実際に自分で受けてみると良いと思います。太い鍼や長い鍼も見た目ほど怖いものではありません。

何でもできた方がいい

私は施術で使うかどうかは別にして、できないよりはできた方がいいのではないかと思います。

・できるけどやらない → やった上で否定する

・できないからやらない → やらないで否定する

このふたつは大きくことなると思います。やった上でやらないという選択はありだと思います。

(東洋医学や古典もやらずに否定する鍼灸師が多いですが、もったいないなぁーと感じてます。やった上で役にたたないと言っている先生には、否定していてもそれだけの経験値はきちんと入っています。後者の先生の役に立たない発言は鵜呑みにしてはいけません。)

またひとつ前の投稿でもかきましたが、鍼灸にはイメージや意識も大きく関係します。経験値の幅というのは鍼を刺すときの効果にも関係します。

太い鍼の経験がある人はその意識を細い鍼でものせていけますし、深い鍼をできる人はその意識を浅い鍼や刺さない鍼をするときでものせていけます。

細い鍼でも太い鍼のような効果、浅い鍼でも深い鍼のような効果というとわかりやすでしょうか。

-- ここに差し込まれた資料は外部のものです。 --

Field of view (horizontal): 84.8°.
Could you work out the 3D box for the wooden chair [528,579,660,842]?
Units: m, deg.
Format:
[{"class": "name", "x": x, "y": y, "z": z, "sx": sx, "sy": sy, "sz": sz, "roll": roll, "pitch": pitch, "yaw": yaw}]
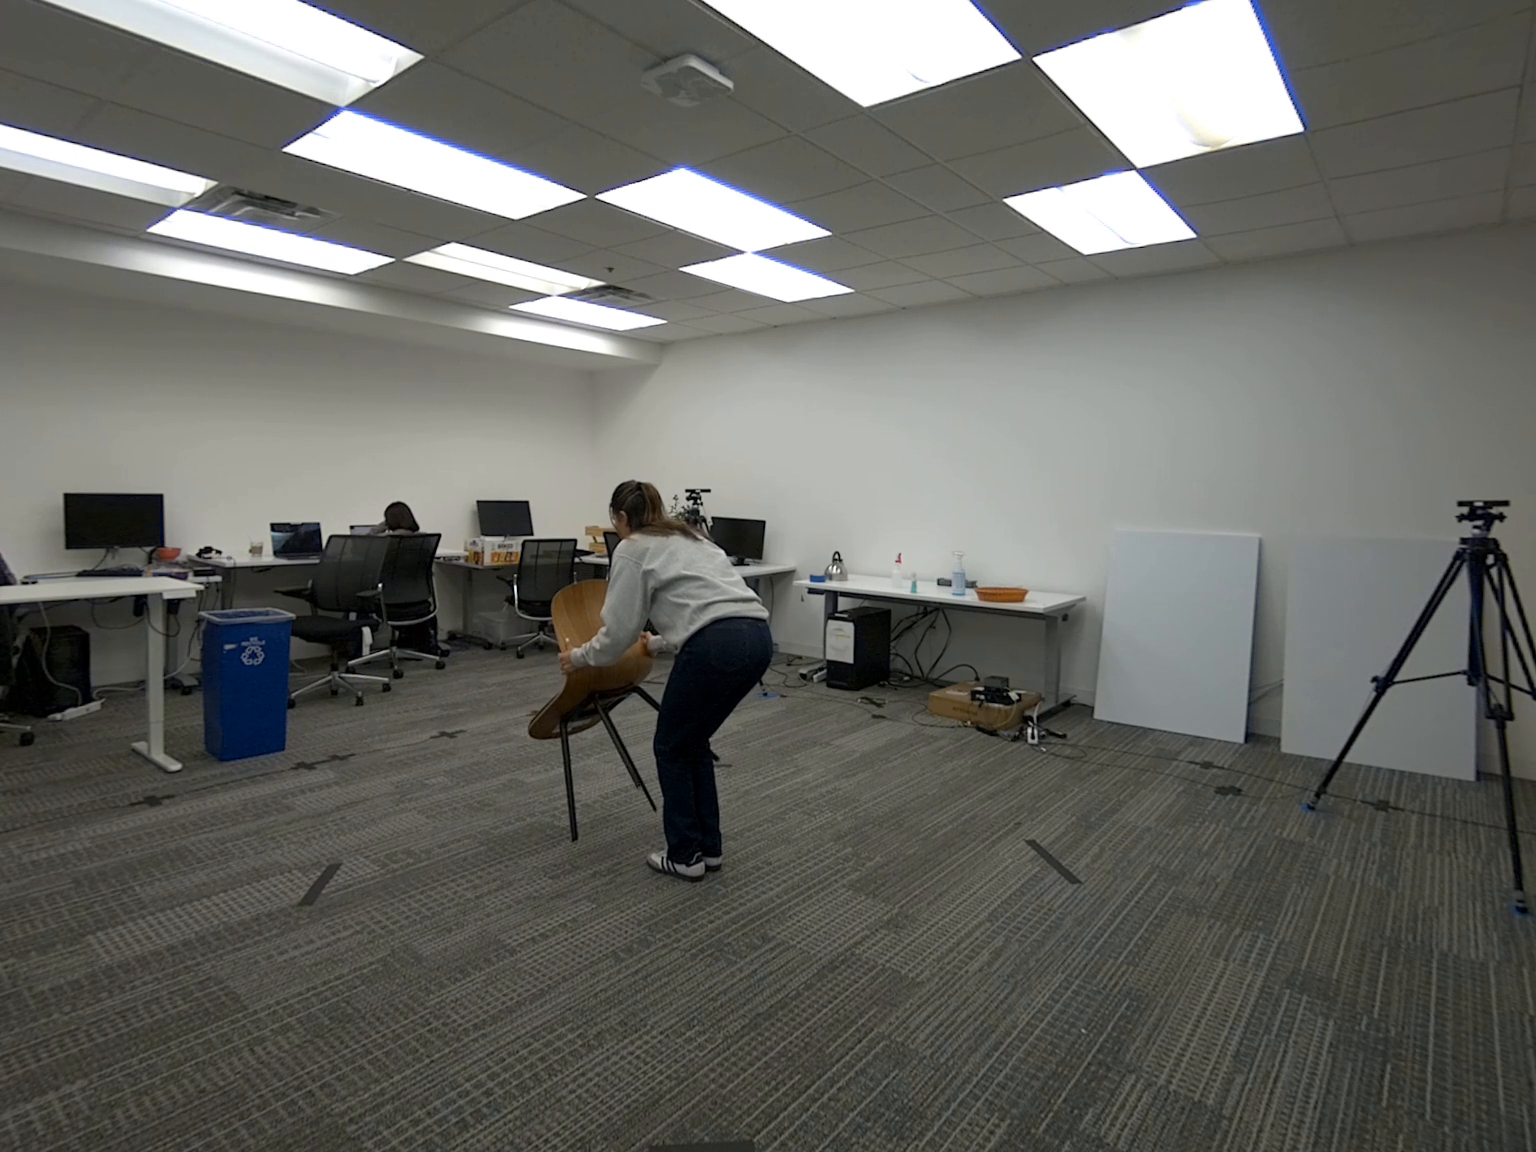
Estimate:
[{"class": "wooden chair", "x": -0.694, "y": 0.520, "z": 3.425, "sx": 0.525, "sy": 0.900, "sz": 0.464, "roll": -41, "pitch": -22, "yaw": 32}]
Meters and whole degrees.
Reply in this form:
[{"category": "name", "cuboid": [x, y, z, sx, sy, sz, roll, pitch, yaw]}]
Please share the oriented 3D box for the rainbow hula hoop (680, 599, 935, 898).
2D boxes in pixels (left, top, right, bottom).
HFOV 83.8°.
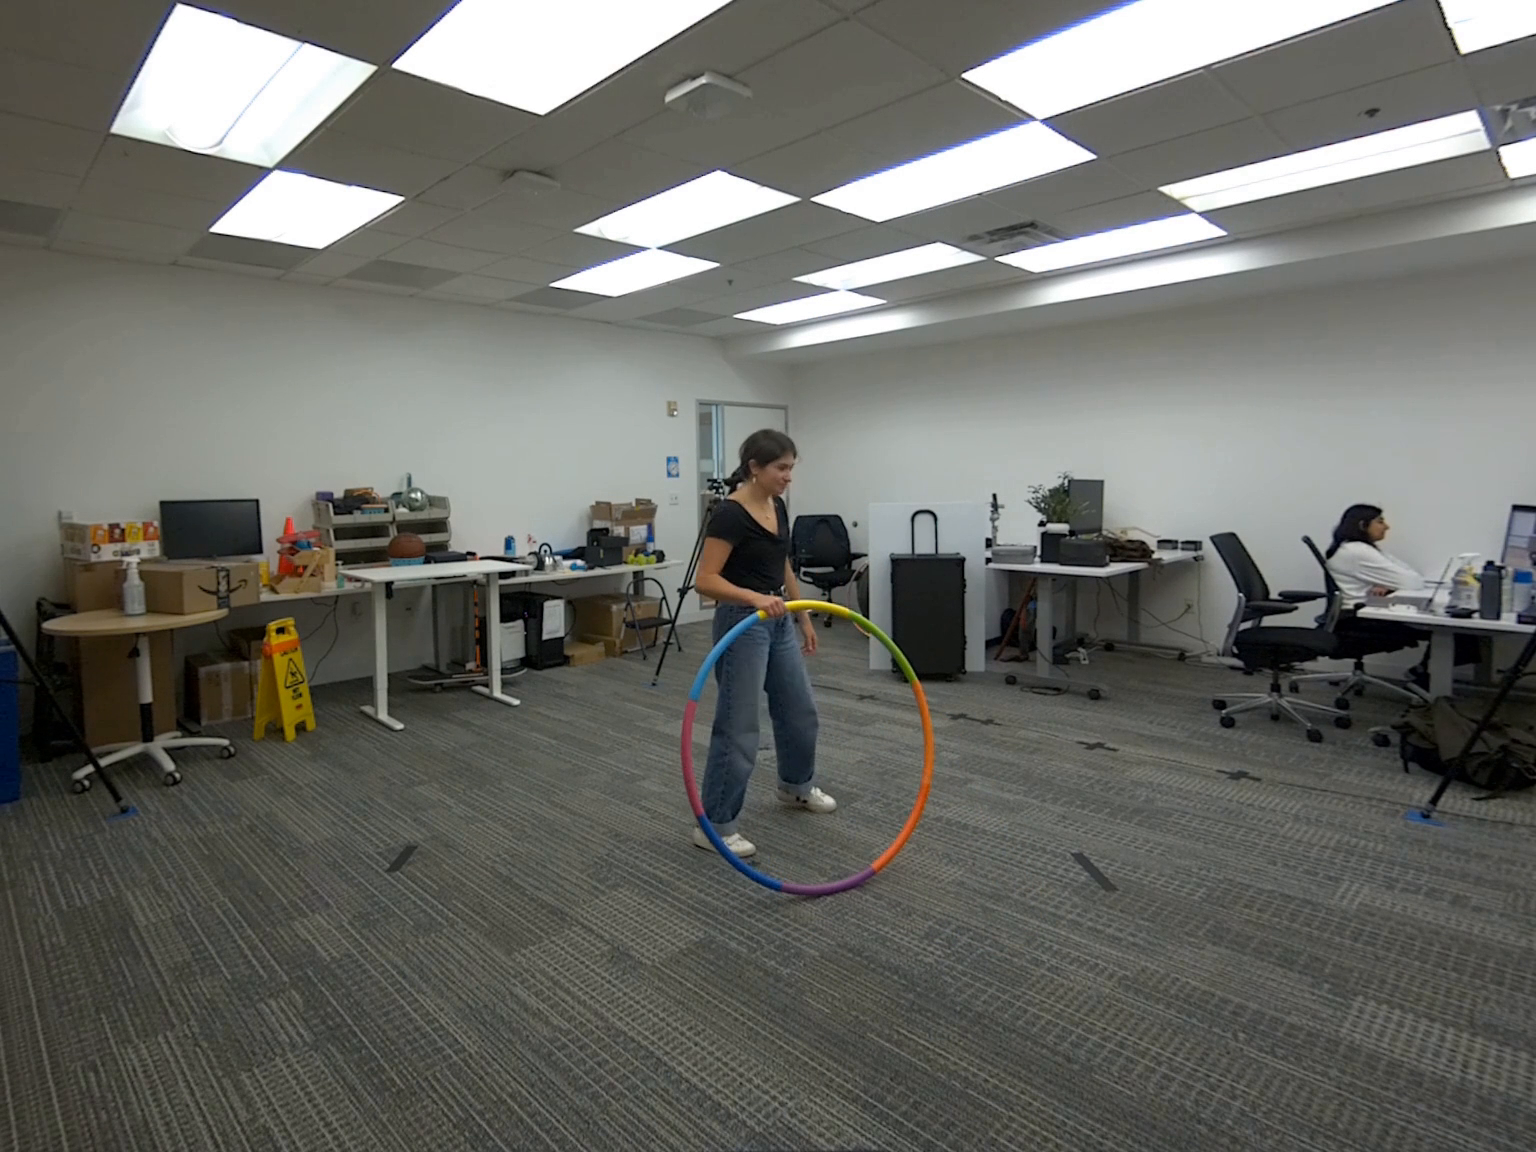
[{"category": "rainbow hula hoop", "cuboid": [0.165, 0.583, 2.954, 0.958, 0.988, 0.036, -3, -10, -25]}]
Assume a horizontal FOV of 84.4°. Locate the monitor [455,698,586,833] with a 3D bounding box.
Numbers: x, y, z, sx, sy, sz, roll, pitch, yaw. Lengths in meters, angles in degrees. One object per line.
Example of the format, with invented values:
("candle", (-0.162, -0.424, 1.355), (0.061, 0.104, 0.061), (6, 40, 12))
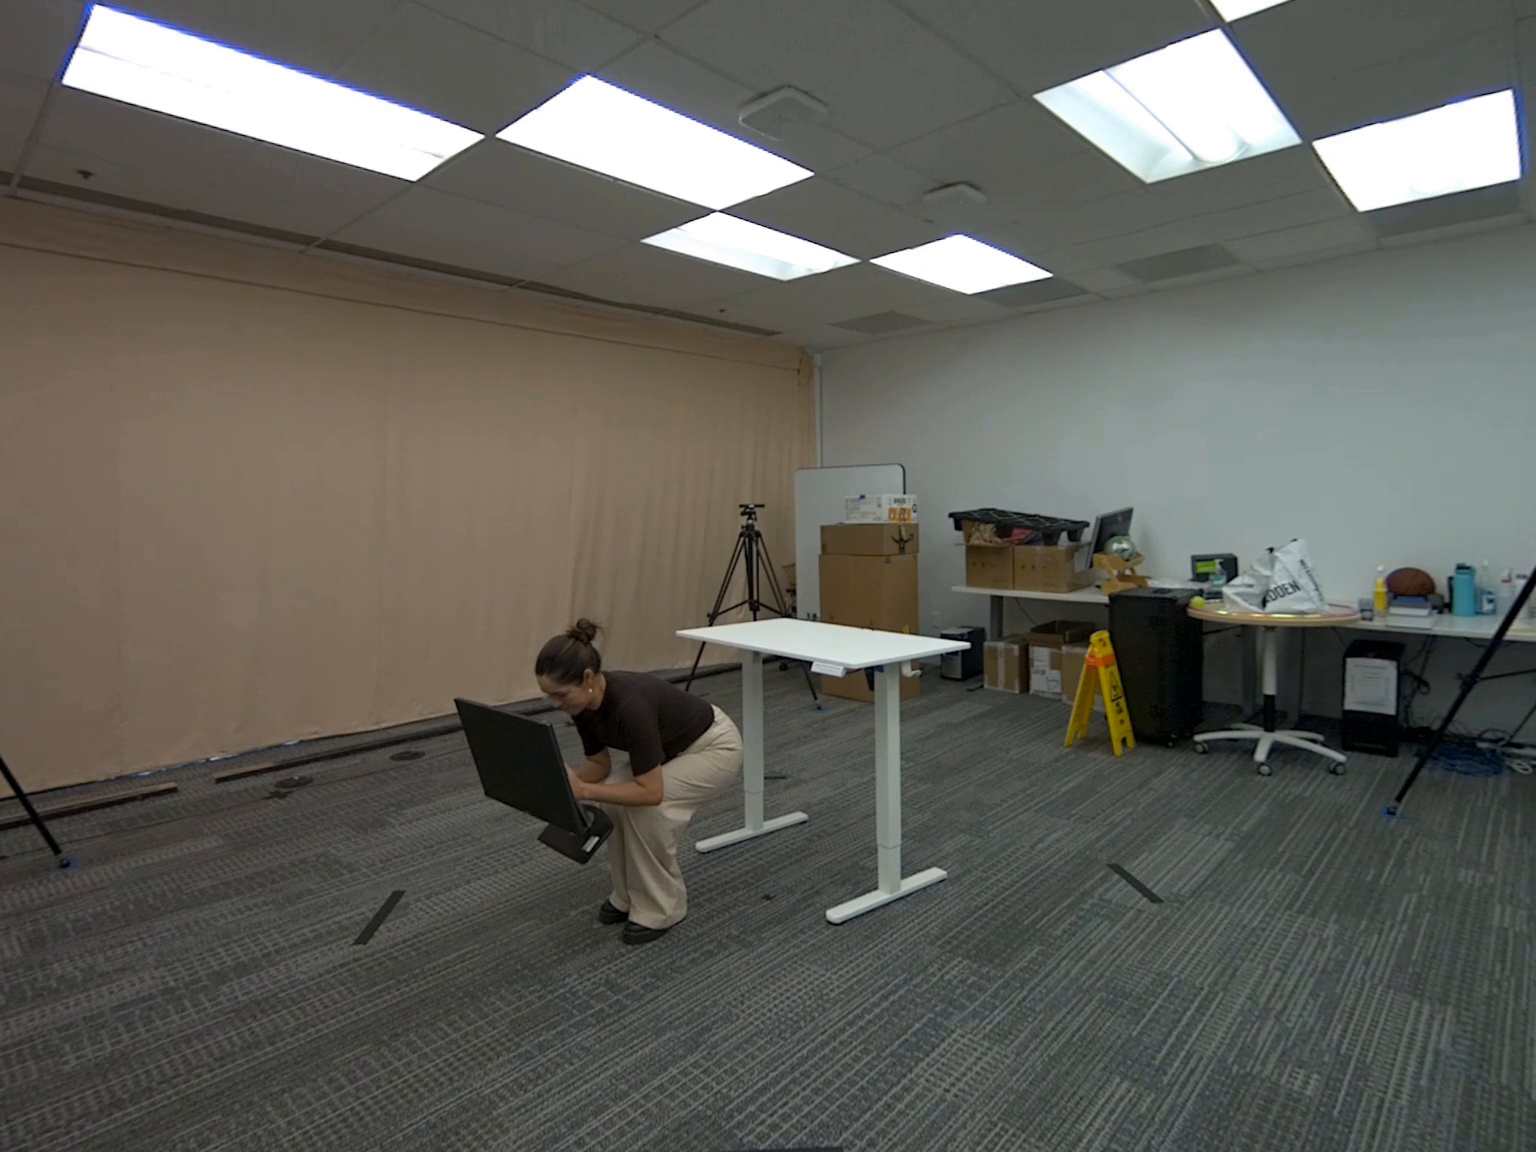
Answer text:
("monitor", (-0.701, 0.618, 2.586), (0.556, 0.511, 0.185), (0, 34, 42))

ですので刺さないテイ鍼を極めたいという先生こそ、深い鍼や太い鍼も経験された方がいいと思います。

経験値の多さというのは、鍼の奥深さとなり施術の効果に大きく影響します。

必要に応じて必要な鍼の施術ができることは大事だと思いますし、同じ1本の鍼の効果や深さを高めるために私も練習しています。

まだまだ私も太い鍼や長い鍼は使いこなせるところにいたっていないのですが、鍼の奥深さにもっと気づけるように努力したいと思います。